**BRIEF**
Reproduce verbatim the lines of the material below, starting at the line with "What is the molecular" and ending at the line with "Answer: polar", both inclusive; skip the rest.

**STUDY MATERIAL**
<<<<

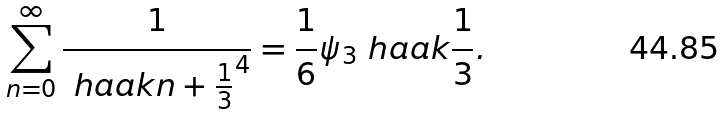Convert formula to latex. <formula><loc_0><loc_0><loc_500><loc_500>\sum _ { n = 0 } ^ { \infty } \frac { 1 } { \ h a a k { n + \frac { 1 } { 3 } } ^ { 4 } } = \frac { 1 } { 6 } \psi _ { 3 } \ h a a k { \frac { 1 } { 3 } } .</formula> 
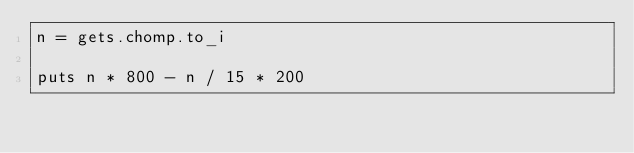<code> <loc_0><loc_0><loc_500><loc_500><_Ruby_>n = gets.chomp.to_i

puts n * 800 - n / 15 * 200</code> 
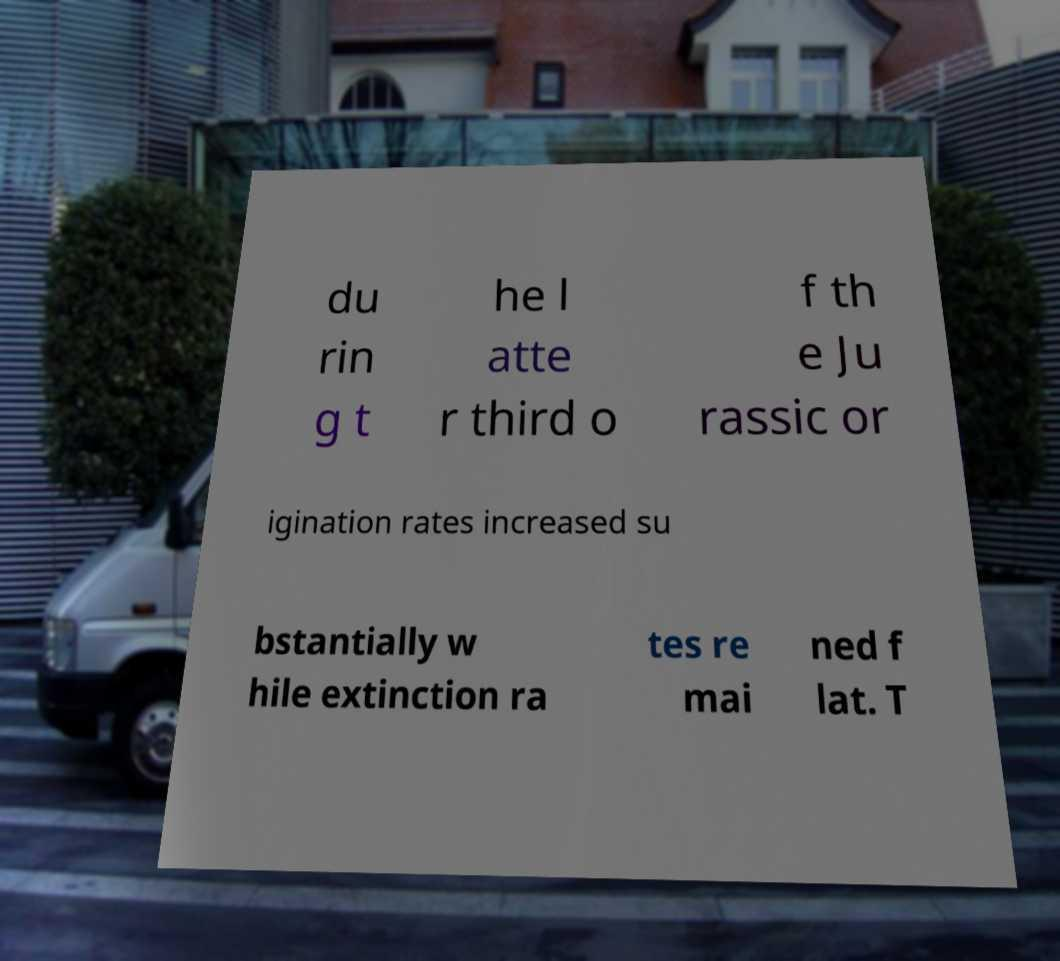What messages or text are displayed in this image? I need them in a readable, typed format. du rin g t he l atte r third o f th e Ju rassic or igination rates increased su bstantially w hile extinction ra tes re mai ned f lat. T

>>>>
<<<<

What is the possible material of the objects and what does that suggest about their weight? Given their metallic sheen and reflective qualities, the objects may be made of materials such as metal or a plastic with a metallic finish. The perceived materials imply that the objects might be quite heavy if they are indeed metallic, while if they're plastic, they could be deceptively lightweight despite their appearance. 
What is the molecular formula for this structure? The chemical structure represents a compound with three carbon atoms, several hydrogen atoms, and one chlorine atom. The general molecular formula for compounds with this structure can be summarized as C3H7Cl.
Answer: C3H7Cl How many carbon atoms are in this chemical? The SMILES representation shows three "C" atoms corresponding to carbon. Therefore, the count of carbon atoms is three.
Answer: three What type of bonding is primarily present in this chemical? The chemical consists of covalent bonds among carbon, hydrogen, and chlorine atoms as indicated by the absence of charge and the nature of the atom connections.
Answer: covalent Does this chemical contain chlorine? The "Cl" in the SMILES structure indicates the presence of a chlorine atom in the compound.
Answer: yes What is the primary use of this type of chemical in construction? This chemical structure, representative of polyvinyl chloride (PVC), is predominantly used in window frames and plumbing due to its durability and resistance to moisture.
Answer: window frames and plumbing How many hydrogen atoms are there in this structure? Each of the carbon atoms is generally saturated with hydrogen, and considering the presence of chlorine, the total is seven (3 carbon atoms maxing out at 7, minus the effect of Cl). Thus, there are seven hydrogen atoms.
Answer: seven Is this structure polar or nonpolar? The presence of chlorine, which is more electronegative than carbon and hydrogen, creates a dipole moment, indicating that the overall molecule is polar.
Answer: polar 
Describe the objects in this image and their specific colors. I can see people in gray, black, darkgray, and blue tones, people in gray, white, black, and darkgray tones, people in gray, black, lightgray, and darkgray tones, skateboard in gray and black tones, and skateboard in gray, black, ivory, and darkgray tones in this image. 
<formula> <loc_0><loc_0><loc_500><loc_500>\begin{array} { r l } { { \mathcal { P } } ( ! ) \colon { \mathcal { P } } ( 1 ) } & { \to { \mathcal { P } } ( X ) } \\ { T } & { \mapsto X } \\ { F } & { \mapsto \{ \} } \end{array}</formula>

>>>>
<<<<

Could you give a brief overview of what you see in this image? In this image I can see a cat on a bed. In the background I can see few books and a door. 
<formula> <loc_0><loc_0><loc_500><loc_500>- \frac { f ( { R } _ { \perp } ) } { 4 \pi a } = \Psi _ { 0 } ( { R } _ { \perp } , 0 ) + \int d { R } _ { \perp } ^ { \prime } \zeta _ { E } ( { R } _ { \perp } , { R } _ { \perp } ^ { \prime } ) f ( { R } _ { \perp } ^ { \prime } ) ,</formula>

>>>>

**EXPECTED OUTPUT**
What is the molecular formula for this structure? The chemical structure represents a compound with three carbon atoms, several hydrogen atoms, and one chlorine atom. The general molecular formula for compounds with this structure can be summarized as C3H7Cl.
Answer: C3H7Cl How many carbon atoms are in this chemical? The SMILES representation shows three "C" atoms corresponding to carbon. Therefore, the count of carbon atoms is three.
Answer: three What type of bonding is primarily present in this chemical? The chemical consists of covalent bonds among carbon, hydrogen, and chlorine atoms as indicated by the absence of charge and the nature of the atom connections.
Answer: covalent Does this chemical contain chlorine? The "Cl" in the SMILES structure indicates the presence of a chlorine atom in the compound.
Answer: yes What is the primary use of this type of chemical in construction? This chemical structure, representative of polyvinyl chloride (PVC), is predominantly used in window frames and plumbing due to its durability and resistance to moisture.
Answer: window frames and plumbing How many hydrogen atoms are there in this structure? Each of the carbon atoms is generally saturated with hydrogen, and considering the presence of chlorine, the total is seven (3 carbon atoms maxing out at 7, minus the effect of Cl). Thus, there are seven hydrogen atoms.
Answer: seven Is this structure polar or nonpolar? The presence of chlorine, which is more electronegative than carbon and hydrogen, creates a dipole moment, indicating that the overall molecule is polar.
Answer: polar 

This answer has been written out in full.